Segment Open
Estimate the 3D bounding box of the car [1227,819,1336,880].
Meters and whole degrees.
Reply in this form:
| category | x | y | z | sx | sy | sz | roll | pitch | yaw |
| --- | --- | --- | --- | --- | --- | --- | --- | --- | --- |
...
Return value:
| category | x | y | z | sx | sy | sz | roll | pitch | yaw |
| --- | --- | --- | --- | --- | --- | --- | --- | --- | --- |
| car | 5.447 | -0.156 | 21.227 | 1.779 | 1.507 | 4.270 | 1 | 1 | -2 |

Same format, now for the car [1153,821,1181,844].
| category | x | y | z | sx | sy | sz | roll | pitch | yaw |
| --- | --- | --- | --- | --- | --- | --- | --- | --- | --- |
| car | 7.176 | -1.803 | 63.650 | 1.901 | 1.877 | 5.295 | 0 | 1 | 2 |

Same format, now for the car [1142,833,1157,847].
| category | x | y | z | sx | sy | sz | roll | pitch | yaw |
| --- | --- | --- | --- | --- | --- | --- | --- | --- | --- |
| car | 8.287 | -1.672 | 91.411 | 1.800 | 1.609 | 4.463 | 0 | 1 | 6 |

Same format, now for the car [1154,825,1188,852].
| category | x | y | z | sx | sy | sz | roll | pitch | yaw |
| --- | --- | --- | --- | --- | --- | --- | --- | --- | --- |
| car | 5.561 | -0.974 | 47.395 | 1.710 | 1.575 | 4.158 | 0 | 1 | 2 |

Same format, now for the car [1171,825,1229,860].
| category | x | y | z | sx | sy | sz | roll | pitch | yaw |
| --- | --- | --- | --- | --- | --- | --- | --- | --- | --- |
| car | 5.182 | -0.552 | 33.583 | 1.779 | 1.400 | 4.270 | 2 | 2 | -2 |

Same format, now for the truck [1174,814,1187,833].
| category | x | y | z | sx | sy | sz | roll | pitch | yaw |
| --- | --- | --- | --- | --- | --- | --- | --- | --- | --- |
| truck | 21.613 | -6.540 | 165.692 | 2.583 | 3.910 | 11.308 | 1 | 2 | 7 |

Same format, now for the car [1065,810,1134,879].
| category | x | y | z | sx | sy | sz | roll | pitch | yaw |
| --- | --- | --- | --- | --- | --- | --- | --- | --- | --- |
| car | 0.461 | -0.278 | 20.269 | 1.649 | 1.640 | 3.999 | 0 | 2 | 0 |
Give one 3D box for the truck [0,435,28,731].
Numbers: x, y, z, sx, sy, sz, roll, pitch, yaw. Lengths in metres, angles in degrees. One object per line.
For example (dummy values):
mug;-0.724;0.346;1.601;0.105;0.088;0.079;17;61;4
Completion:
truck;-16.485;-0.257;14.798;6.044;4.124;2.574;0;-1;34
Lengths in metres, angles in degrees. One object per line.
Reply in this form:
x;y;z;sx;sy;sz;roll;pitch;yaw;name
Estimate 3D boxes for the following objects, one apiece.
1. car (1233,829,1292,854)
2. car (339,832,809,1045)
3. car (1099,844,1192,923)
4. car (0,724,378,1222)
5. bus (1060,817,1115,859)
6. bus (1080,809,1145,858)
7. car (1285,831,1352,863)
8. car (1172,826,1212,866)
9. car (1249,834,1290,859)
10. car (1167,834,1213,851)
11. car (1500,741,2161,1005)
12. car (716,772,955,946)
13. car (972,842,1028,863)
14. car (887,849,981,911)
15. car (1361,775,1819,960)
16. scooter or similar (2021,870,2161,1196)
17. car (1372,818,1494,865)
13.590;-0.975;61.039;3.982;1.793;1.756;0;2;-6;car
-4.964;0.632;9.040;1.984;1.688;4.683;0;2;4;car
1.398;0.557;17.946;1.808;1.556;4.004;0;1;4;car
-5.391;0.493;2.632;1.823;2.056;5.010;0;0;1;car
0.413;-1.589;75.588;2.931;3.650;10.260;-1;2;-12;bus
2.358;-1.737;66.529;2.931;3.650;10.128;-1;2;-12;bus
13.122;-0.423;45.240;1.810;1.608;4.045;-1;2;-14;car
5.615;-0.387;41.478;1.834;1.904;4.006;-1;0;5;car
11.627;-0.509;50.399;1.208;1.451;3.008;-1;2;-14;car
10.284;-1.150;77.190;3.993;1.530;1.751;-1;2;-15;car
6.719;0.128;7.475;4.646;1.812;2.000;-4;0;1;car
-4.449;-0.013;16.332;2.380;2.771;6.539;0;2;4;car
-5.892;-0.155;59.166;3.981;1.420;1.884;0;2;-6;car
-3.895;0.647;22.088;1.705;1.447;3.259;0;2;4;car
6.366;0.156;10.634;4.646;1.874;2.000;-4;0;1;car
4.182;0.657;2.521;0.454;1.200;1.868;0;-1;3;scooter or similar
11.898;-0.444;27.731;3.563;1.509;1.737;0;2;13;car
Segment Closed
Your assignment:
The data above needs to be retyped in full, exactly as given.

Result for this exercise:
Estimate the 3D bounding box of the car [1227,819,1336,880].
Meters and whole degrees.
Reply in this form:
| category | x | y | z | sx | sy | sz | roll | pitch | yaw |
| --- | --- | --- | --- | --- | --- | --- | --- | --- | --- |
...
Return value:
| category | x | y | z | sx | sy | sz | roll | pitch | yaw |
| --- | --- | --- | --- | --- | --- | --- | --- | --- | --- |
| car | 5.447 | -0.156 | 21.227 | 1.779 | 1.507 | 4.270 | 1 | 1 | -2 |

Same format, now for the car [1153,821,1181,844].
| category | x | y | z | sx | sy | sz | roll | pitch | yaw |
| --- | --- | --- | --- | --- | --- | --- | --- | --- | --- |
| car | 7.176 | -1.803 | 63.650 | 1.901 | 1.877 | 5.295 | 0 | 1 | 2 |

Same format, now for the car [1142,833,1157,847].
| category | x | y | z | sx | sy | sz | roll | pitch | yaw |
| --- | --- | --- | --- | --- | --- | --- | --- | --- | --- |
| car | 8.287 | -1.672 | 91.411 | 1.800 | 1.609 | 4.463 | 0 | 1 | 6 |

Same format, now for the car [1154,825,1188,852].
| category | x | y | z | sx | sy | sz | roll | pitch | yaw |
| --- | --- | --- | --- | --- | --- | --- | --- | --- | --- |
| car | 5.561 | -0.974 | 47.395 | 1.710 | 1.575 | 4.158 | 0 | 1 | 2 |

Same format, now for the car [1171,825,1229,860].
| category | x | y | z | sx | sy | sz | roll | pitch | yaw |
| --- | --- | --- | --- | --- | --- | --- | --- | --- | --- |
| car | 5.182 | -0.552 | 33.583 | 1.779 | 1.400 | 4.270 | 2 | 2 | -2 |

Same format, now for the truck [1174,814,1187,833].
| category | x | y | z | sx | sy | sz | roll | pitch | yaw |
| --- | --- | --- | --- | --- | --- | --- | --- | --- | --- |
| truck | 21.613 | -6.540 | 165.692 | 2.583 | 3.910 | 11.308 | 1 | 2 | 7 |

Same format, now for the car [1065,810,1134,879].
| category | x | y | z | sx | sy | sz | roll | pitch | yaw |
| --- | --- | --- | --- | --- | --- | --- | --- | --- | --- |
| car | 0.461 | -0.278 | 20.269 | 1.649 | 1.640 | 3.999 | 0 | 2 | 0 |
Give one 3D box for the truck [0,435,28,731].
Numbers: x, y, z, sx, sy, sz, roll, pitch, yaw. Lengths in metres, angles in degrees. One object per line.
For example (dummy values):
mug;-0.724;0.346;1.601;0.105;0.088;0.079;17;61;4
Completion:
truck;-16.485;-0.257;14.798;6.044;4.124;2.574;0;-1;34
Lengths in metres, angles in degrees. One object per line.
Reply in this form:
x;y;z;sx;sy;sz;roll;pitch;yaw;name
Estimate 3D boxes for the following objects, one apiece.
1. car (1233,829,1292,854)
2. car (339,832,809,1045)
3. car (1099,844,1192,923)
4. car (0,724,378,1222)
5. bus (1060,817,1115,859)
6. bus (1080,809,1145,858)
7. car (1285,831,1352,863)
8. car (1172,826,1212,866)
9. car (1249,834,1290,859)
10. car (1167,834,1213,851)
11. car (1500,741,2161,1005)
12. car (716,772,955,946)
13. car (972,842,1028,863)
14. car (887,849,981,911)
15. car (1361,775,1819,960)
16. scooter or similar (2021,870,2161,1196)
17. car (1372,818,1494,865)
13.590;-0.975;61.039;3.982;1.793;1.756;0;2;-6;car
-4.964;0.632;9.040;1.984;1.688;4.683;0;2;4;car
1.398;0.557;17.946;1.808;1.556;4.004;0;1;4;car
-5.391;0.493;2.632;1.823;2.056;5.010;0;0;1;car
0.413;-1.589;75.588;2.931;3.650;10.260;-1;2;-12;bus
2.358;-1.737;66.529;2.931;3.650;10.128;-1;2;-12;bus
13.122;-0.423;45.240;1.810;1.608;4.045;-1;2;-14;car
5.615;-0.387;41.478;1.834;1.904;4.006;-1;0;5;car
11.627;-0.509;50.399;1.208;1.451;3.008;-1;2;-14;car
10.284;-1.150;77.190;3.993;1.530;1.751;-1;2;-15;car
6.719;0.128;7.475;4.646;1.812;2.000;-4;0;1;car
-4.449;-0.013;16.332;2.380;2.771;6.539;0;2;4;car
-5.892;-0.155;59.166;3.981;1.420;1.884;0;2;-6;car
-3.895;0.647;22.088;1.705;1.447;3.259;0;2;4;car
6.366;0.156;10.634;4.646;1.874;2.000;-4;0;1;car
4.182;0.657;2.521;0.454;1.200;1.868;0;-1;3;scooter or similar
11.898;-0.444;27.731;3.563;1.509;1.737;0;2;13;car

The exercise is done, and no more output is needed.